Ok, I am admitting it....we have baby fever. My husband has had baby fever for a long time, and early in our dating relationship discussed how much he was looking forward to having kids together. I really don't know how I got on board with the whole thing, I feel like my uterus is overpowering my personality recently. I am that person who always swore that you shouldn't even be thinking about kids during your first year of marriage....but....we've been talking about it. Not because we're necessarily planning on getting pregnant NOW, but because we want an overall game plan (also, my husband just turned 29, or 30 by Chinese age calculations...he has started feeling old, hehe). There are a lot of things to figure out before having kids, and double that with a cross-cultural kid...which country will it be a citizen of? Which country should it grow up in? Which language will who speak when and in which environment? etc. etc. Adoption is of course still very important to me, but still have years until I am eligible to adopt from most countries.
Anyways....my concession that we should start preparing has been that we've both been doing some reading (see above photo).

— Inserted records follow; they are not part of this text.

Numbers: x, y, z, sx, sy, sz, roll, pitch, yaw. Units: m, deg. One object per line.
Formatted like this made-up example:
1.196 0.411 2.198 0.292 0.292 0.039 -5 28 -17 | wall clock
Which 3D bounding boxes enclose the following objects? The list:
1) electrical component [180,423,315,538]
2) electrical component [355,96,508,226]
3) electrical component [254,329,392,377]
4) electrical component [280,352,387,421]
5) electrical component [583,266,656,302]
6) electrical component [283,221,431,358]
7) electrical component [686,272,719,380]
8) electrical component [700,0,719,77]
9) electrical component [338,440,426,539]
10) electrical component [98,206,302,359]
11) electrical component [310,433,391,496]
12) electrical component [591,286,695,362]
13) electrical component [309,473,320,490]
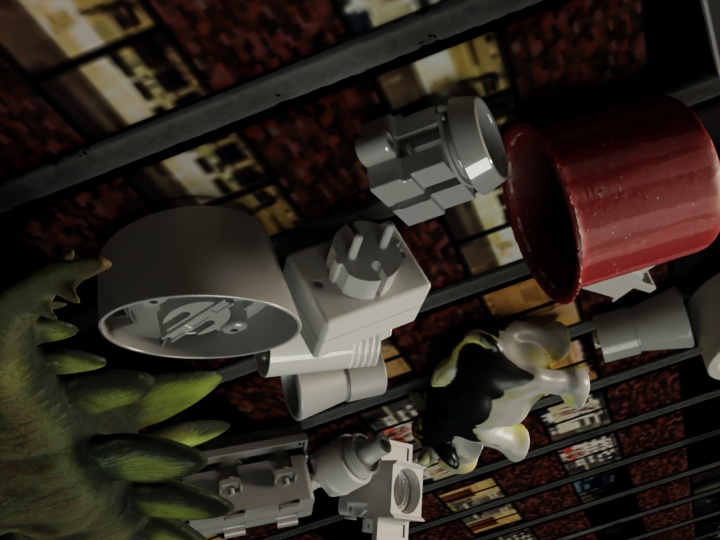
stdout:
-0.098 0.161 0.800 0.121 0.063 0.078 -8 150 -12 | electrical component
0.037 -0.053 0.509 0.055 0.048 0.066 -18 152 21 | electrical component
-0.020 0.039 0.643 0.081 0.043 0.043 -4 149 -20 | electrical component
-0.015 0.070 0.706 0.065 0.044 0.044 -11 151 -18 | electrical component
0.151 -0.018 0.627 0.081 0.042 0.064 14 138 -42 | electrical component
0.000 0.000 0.567 0.066 0.047 0.076 -20 154 -24 | electrical component
0.280 0.024 0.742 0.108 0.060 0.108 -13 151 -7 | electrical component
0.207 -0.120 0.460 0.109 0.056 0.109 -23 150 14 | electrical component
0.017 0.182 0.888 0.064 0.081 0.042 -8 160 38 | electrical component
-0.084 0.013 0.547 0.099 0.064 0.099 -12 151 -7 | electrical component
-0.004 0.148 0.843 0.062 0.043 0.043 -32 147 26 | electrical component
0.196 0.041 0.755 0.065 0.044 0.044 -16 151 12 | electrical component
-0.054 0.177 0.878 0.061 0.035 0.035 -12 151 -12 | electrical component

I should note that my husband was extremely excited that I bought a pregnancy/baby book to read, and then I found the book in the photo above (Chinese translation of the book "Dad's Pregnant Too" 爸爸也怀孕) and said if I was going to read, he needed to as well (he is not much of a reader, but he promptly began looking through it....and turned to the chapter dealing with Having Sex While Pregnant...yep, typical guy ).
My husband went from wanting to have at least three kids with me to not wanting to have any for the time being (due to money worries and because he was afraid that I'm not healthy enough for having babies) to maybe 1 or 2. He'd love to have twins, less work in the long run, as he says. I wasn't very smitten with the idea of having babies so early into our marriage, but kind of started to like the idea (I like the idea of being a younger mum rather than an older one, as in that way the age difference between me and my kids won't be that big – not saying that being older when having kids is bad). But you're right, there's a lot more you have to consider in a multi-cultural relationship than if you're both from the same country.